A park of the people: the demotion of Platt National Park, Oklahoma

Pages 151-175 | Published online: 08 Jul 2010
 

Abstract

Platt National Park, Oklahoma, was the smallest national park in the United States until it was combined with an adjacent, reservoir-centered recreation site in 1976 to form Chickasaw National Recreation Area. Set aside as Sulphur Springs Reservation by agreement with the Chickasaw Indians in 1902 and designated a national park in 1906, Platt is the only American national park to be demoted since World War II. The story of Platt's creation and demotion reflects the changing mission of the National Park Service (NPS), shifting images of nature and recreation among the American public, and broader social forces that frame park purposes. What started as local boosterism of hydrotherapy in cold mineral springs grew into one of America's most visited national parks by the 1920s. Despite its popularity, Platt lacked both scenic grandeur and political influence; it did not fit prevailing images of wild nature among NPS bureaucrats and the urban elite who formed the core of the environmental movement; it was too small, too humanized, and too ordinary. As images of people embedded in nature have gained wider acceptance in recent decades, would this small, geographically distinctive, and culturally rich “park of the people” have met a similar fate today?

Acknowledgements

I thank Carolyn Hanneman of the Carl Albert Congressional Research and Studies Center, University of Oklahoma, for providing access to extensive archival materials. I thank Hilda Kurtz, Kathy Parker, Tom Vale, and Bill Wyckoff for thoughtful comments on earlier drafts of this manuscript.

Notes

1. Throughout the text, “Platt National Park” (or simply “Platt”) is used to refer to the historical park unit. “Platt/Chickasaw” is used to refer to the park unit and its surrounding landscape today.
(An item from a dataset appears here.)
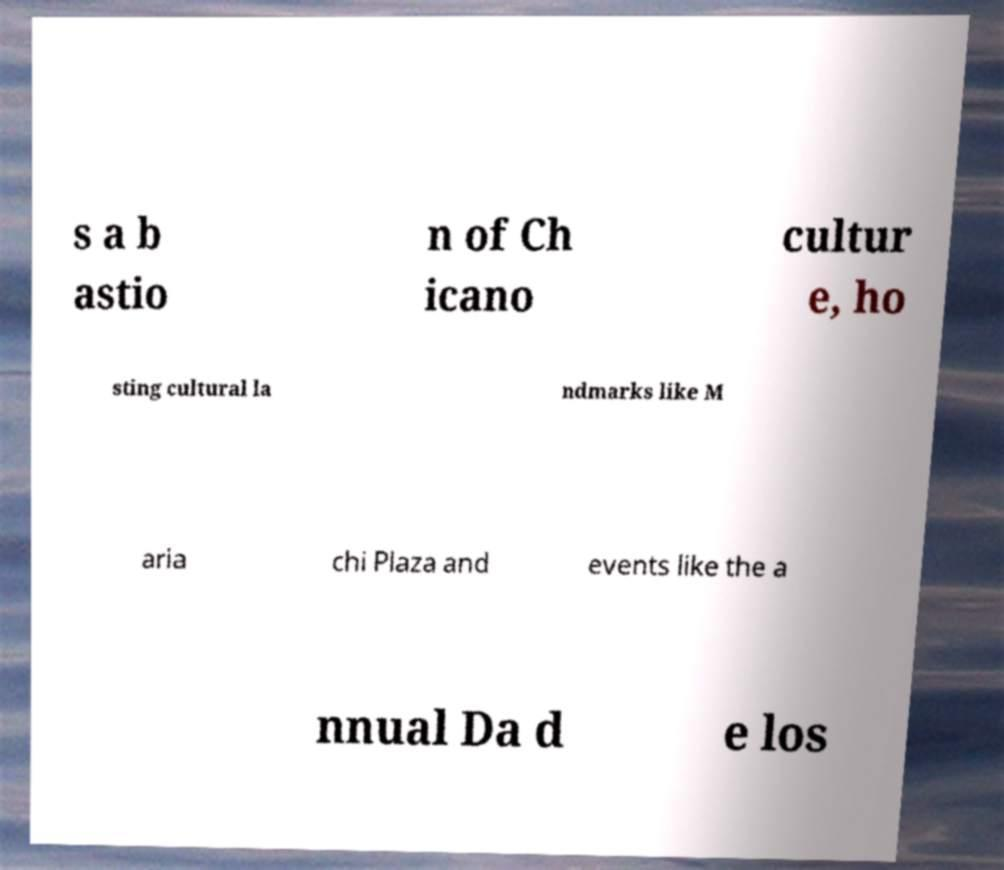There's text embedded in this image that I need extracted. Can you transcribe it verbatim? s a b astio n of Ch icano cultur e, ho sting cultural la ndmarks like M aria chi Plaza and events like the a nnual Da d e los

2. Carl Albert served as an Oklahoma congressman from 1947–1977, and wielded considerable political influence as a conservative southern Democrat during the 1960s and 1970s. He was Speaker of the House for the final six years of this congressional tenure, including the period during which legislation demoting Platt National Park was enacted.

3. At the time, other congressional representatives from Oklahoma and the governor wrote letters supporting creation of Chickasaw NRA, but these read like letters of endorsement. Carl Albert's office and NPS appear to be the key figures in promoting this legislation. Local hearings and press releases from Carl Albert's office and NPS were covered in local newspapers (Sulphur, Ada, Ardmore). There are occasional expressions of concern for loss of national park status, mainly from locals who did not support any change to the status quo. Otherwise, newspapers were generally supportive of the expansion and redesignation effort. The publisher of the Sulphur Times-Democrat represented the local chamber of commerce at the final congressional hearings in Washington.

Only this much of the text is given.